Western Strategy Towards ISIS and The Need For Commitment


The failure of the United States and its allies to form a comprehensive strategy in dealing with ISIS will only make the situation more difficult to deal with in the future.

We’re now half way through 2015 and ISIS has shown little sign of crumbling, despite an increased air campaign and the deployment of over 3,000 US troops in non-combat roles. Western efforts at confronting the upstart Islamic Caliphate have instead been defined by hesitation and indecisiveness.

ISIS is an issue for Britain and the West in general for a number of reasons, including the presence of terrorist intent towards the West, threat to the Persian Gulf oil rich states and also because of the moral obligation to support a region – the current state of which is arguably a result of our own actions.

However, as of yet our actions in confronting this ‘terrorist’ organisation – which has grown to encompass much of Iraq and Syria and begun establishing state infrastructure – has been ineffectual. An air campaign by the United States and its allies has failed to deliver a significant blow, drone strikes have killed more innocent people than ISIS affiliates and we are seeing a rise in the number of men and women joining ISIS from the West.

The ramifications of our failures to halt and defeat ISIS can also be tracked to long before 2015. For approximately the past 14 years the West has been locked in conflict in the Middle East and with each passing day ISIS keeps fighting, we are unable to wholly devote our attention and resources in a different direction. This is important as our generation is beginning to mature to a level where we will take the nations’ helm and we would be ill advised to take the reins of an unbroken horse.

Why are we so indecisive? Because we remember.

We remember being bogged down in Afghanistan and Iraq. Wars in the Middle East have become extremely unpopular at home and we’re wary of the cost of such campaigns. As a result, these have bred a sense of urgency; it is becoming popular to describe strategy against ISIS as a ‘whack-a-mole’ mentality. We believe that if we kill enough people, drop enough bombs and let the locals clear up, we’ll be ‘home for Christmas’.

However, time and time again, from World War 1 to Vietnam, Afghanistan and Iraq, we took a problem that would require many hard years to fix and tried to tape it up in a couple.

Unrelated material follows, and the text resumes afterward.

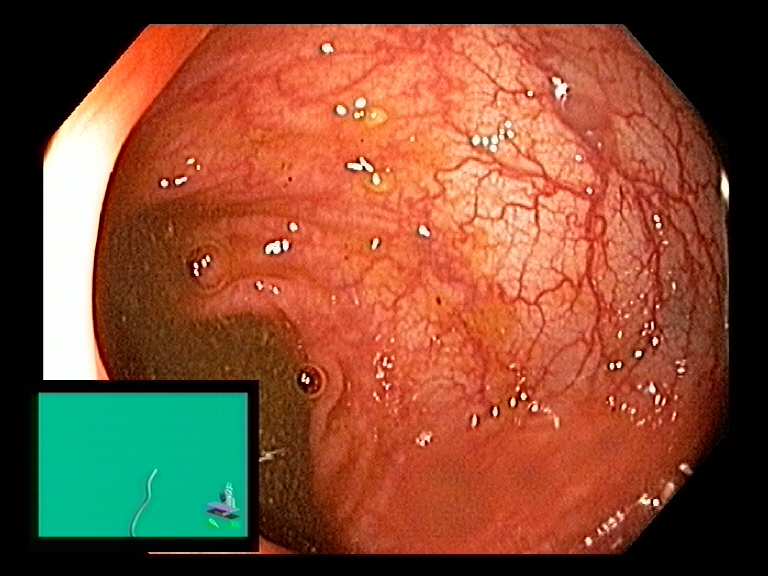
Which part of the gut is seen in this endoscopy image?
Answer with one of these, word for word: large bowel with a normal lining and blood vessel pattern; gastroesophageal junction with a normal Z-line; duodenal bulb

Each time this ‘rush job’ approach ended up drawing the wars out longer and making them more costly. Despite this, our national leaders still refuse to commit to a lengthy programme and seem completely blind to the mistakes of the past.

So what is the solution? Is there a strategy that could work?

Well, yes there is. FM-324 is a US field manual dealing with counter insurgency, considering the US actions in Afghanistan and Iraq and compiling a manual of what they learned to be used by future officers. It makes clear the current US strategy of clear, hold and build. Where you clear an area, hold it and develop it in order to ensure its survival both as a part of the legitimate government and as a stable political, economic and social hub. However FM-324 also alludes to the duration of such a campaign, detailing the need to work with the host government and to facilitate positive reform in the nation even if such reform does not embrace your own objectives. In short, what the report outlines is a need for a long, thorough and fair strategy of stabilisation in the region, with the end goal being a strong, independent, secure state that can defend itself against insurgency.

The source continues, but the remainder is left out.